Романовский Владимир Дмитриевич

Шрифт:

– О чем же? – спросил Император, насторожившись.

– О том, что вы, ваше величество, интересуетесь решительно всем, что происходит в мире, в том числе и литературой.

– Да, – настороженно сказал Император. – Есть у меня такая слабость.

– И вот, изволите ли видеть, литераторы вашей страны написали много интересного за последнее время … много. Я бы расспросил критиков, или самих литераторов, но мнение у людей предвзятое, каждый любит что-то свое, а у вас, государь, репутация человека объективного, и безупречный вкус. Я как раз собираюсь в книжную лавку. И если ваше величество соблаговолит

мне что-то порекомендовать, книги или авторов…

– Вот странная просьба! – сказал Император. – Но я конечно же ее исполню. Но как же вы будете читать – вы ведь?…

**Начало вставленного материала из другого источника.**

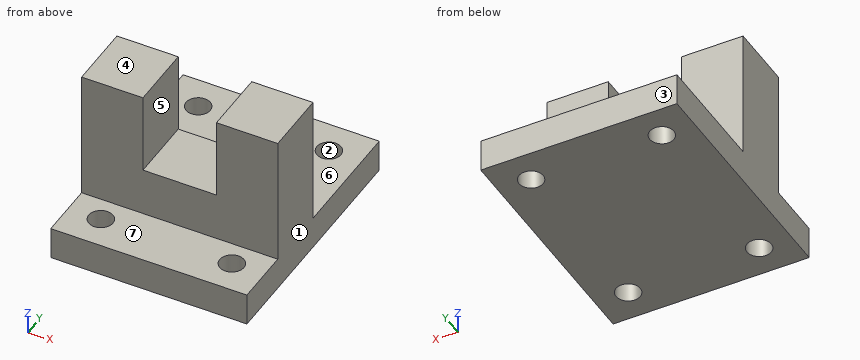
```python
from build123d import *

# Parameters (mm, degrees)
F0_W     = 23.8252
F0_H     = 31.75
F1_DEPTH = 25.4
F2_W     = 76.2
F2_H     = 12.7
F3_DEPTH = 47.625
F4_R     = 4.699
F5_DEPTH = 12.701
F6_R     = 4.699
F7_DEPTH = 33.02


with BuildPart() as f1:
    # F0 (on Front) → F1 (new body)
    with BuildSketch(Plane.XZ):
        with Locations((26.1874, 15.875)):
            Rectangle(F0_W, F0_H)
        Polygon((38.1, -31.75), (38.1, 0), (14.2748, 0), (-14.2748, 0), (-14.2748, 31.75), (-38.1, 31.75), (-38.1, -31.75), align=None)
    extrude(amount=F1_DEPTH)

    # F2 (on face) → F3 (join, symmetric)
    with BuildSketch(Plane(origin=(0, 0, 0), x_dir=(-1, 0, 0), z_dir=(0, 1, 0))):
        with Locations((0, -25.4)):
            Rectangle(F2_W, F2_H)
    extrude(amount=F3_DEPTH, both=True)

    # F4 (on face) → F5 (cut, through all)
    with BuildSketch(Plane.XY.offset(-19.05)):
        with Locations((-25.4996093811, -34.925)):
            Circle(F4_R)
        with Locations((25.4, -34.925)):
            Circle(F4_R)
    extrude(amount=-F5_DEPTH, mode=Mode.SUBTRACT)

    # F6 (on face) → F7 (cut, symmetric)
    with BuildSketch(Plane.XY.offset(-19.05)):
        with Locations((-25.4, 34.925)):
            Circle(F6_R)
        with Locations((25.4, 34.925)):
            Circle(F6_R)
    extrude(amount=F7_DEPTH, both=True, mode=Mode.SUBTRACT)


solid = f1.part
```
Verification items for the finished model (mm, model axes). Face numbers are marked on the shaded views. A direction names the side the tool comes from. Coordinates: 2 decimals unless noted, no trailing zeros. Loops run counter-clockwise (first coordinate to the right, second up) from the corner with the lowest first, then second, coordinate; pieces in that order, holes last. Notation, with made-up numbers: (-30, 22.5) -> (-21, 22.5) arc R24 ccw to (-21, 39.5) -> close; hole circle Ø4 at (-9, -16.5). An arc over 180 degrees is marked (long way). Put each result on its own line as item: value.
1. Section check D-D, the plane x = -4. Record the boundary of the cut face in (y, z) (3 decimals), then the cut area to 3 significant figures.
Result set:
outline: (-47.625, -31.75) -> (47.625, -31.75) -> (47.625, -19.05) -> (0, -19.05) -> (0, 0) -> (-25.4, 0) -> (-25.4, -19.05) -> (-47.625, -19.05) -> close
area: 1,690 mm^2
2. Section check B-B, the plane x = 25.4. Record the boundary of the cut face in (y, z) (3 decimals).
Result set:
outline: (-47.625, -31.75) -> (-39.624, -31.75) -> (-39.624, -19.05) -> (-47.625, -19.05) -> close; (-30.226, -31.75) -> (30.226, -31.75) -> (30.226, -19.05) -> (0, -19.05) -> (0, 31.75) -> (-25.4, 31.75) -> (-25.4, -19.05) -> (-30.226, -19.05) -> close; (39.624, -31.75) -> (47.625, -31.75) -> (47.625, -19.05) -> (39.624, -19.05) -> close
3. Gauge pin test, flat ends, axial feed: P1, Ø1.5, axis at x = -17, z = -7.5, coming from the -Y side; P2, Ø14.5, axis at x = -15, y = 32.5, coming from the +Z side; P3, Ø15, axis at x = 1.5, z = -5.5, coming from the +Y side. Record the tip position at first contact, or that the pin passes through.
Result set:
P1: stops at y = -25.4
P2: stops at z = -19.05
P3: stops at y = 0
4. Tool access check on the marked faces 4, 5, 6 and 7. Record the directions out of +Z, -Z, +X, -X, +Y, -Y that give a thin tool (end or side, any length) a straight path to the whole face; none if there is none.
Result set:
face 4: +Z, +X, -X, +Y, -Y
face 5: +Z, +Y, -Y
face 6: +Z, +X, -X, +Y
face 7: +Z, +X, -X, -Y
5. Section check C-C, the plane y = -16.5. Record the boundary of the cut face in (x, z).
Result set:
outline: (-38.1, -31.75) -> (38.1, -31.75) -> (38.1, 31.75) -> (14.27, 31.75) -> (14.27, 0) -> (-14.27, 0) -> (-14.27, 31.75) -> (-38.1, 31.75) -> close
6. Section check A-A, the plane z = 1.5. Record the boundary of the cut face in (x, y), then the cut area to 3 significant figures.
Result set:
outline: (-38.1, -25.4) -> (-14.27, -25.4) -> (-14.27, 0) -> (-38.1, 0) -> close; (14.27, -25.4) -> (38.1, -25.4) -> (38.1, 0) -> (14.27, 0) -> close
area: 1,210 mm^2
7. Mould release check, pull along X, two halves, no side actions. Record for the marked faces 1, 2 and 3: pulls with the +X half, pulls with the -X half, needs draft (parallel to the pull), parting line crosses it, or undercut.
Result set:
face 1: pulls with the +X half
face 2: undercut
face 3: needs draft
8. Thickness scan on line 1 (Y direction, x = -25.4, z = -22) (3 decimals); line 2 (X direction, y = 33.5, z = -20); line 3 (Z direction, x = -18, y = 24). Record the ranges inside material, lowest first.
Result set:
line 1: y = -47.625 to -39.623, -30.227 to 30.226, 39.624 to 47.625
line 2: x = -38.1 to -29.88, -20.92 to 20.92, 29.88 to 38.1
line 3: z = -31.75 to -19.05

– Я знаком с языком ваших подданных, государь.

– Вот как!

– Да, государь. Я здесь родился. Но это тайна, никто об этом не знает, кроме нас с вами. Прошу вас, государь, меня не выдавать – это может повредить моему делу.

– Разумеется, Барон, ваши тайны вашими же и останутся. Еще раз вас благодарю…

– Государь…

– А, да … авторы, книги…

Император придвинул к себе чернильницу, взял из стопки чистый лист, немного подумал, и написал четыре фамилии.

– Вот эту вещь особенно вам рекомендую, – сказал он, подчеркивая имя автора и заключая название опуса в кавычки. – Вы любите стихи?

– Не очень, ваше величество.

– Я тоже не очень. Но эта вещь особенная.

31. Мадам

Когда в театрах не было особо интригующей премьеры, Барыня любила проводить вечера в небольшой уютной комнате на третьем этаже.

Некогда энергическая и предприимчивая, нынче она все более отходила от дел. Дела велись двумя феминами, некогда состоявшими у нее в крепостных, и велись неплохо. Дом приносил стабильный доход, пусть и не очень большой.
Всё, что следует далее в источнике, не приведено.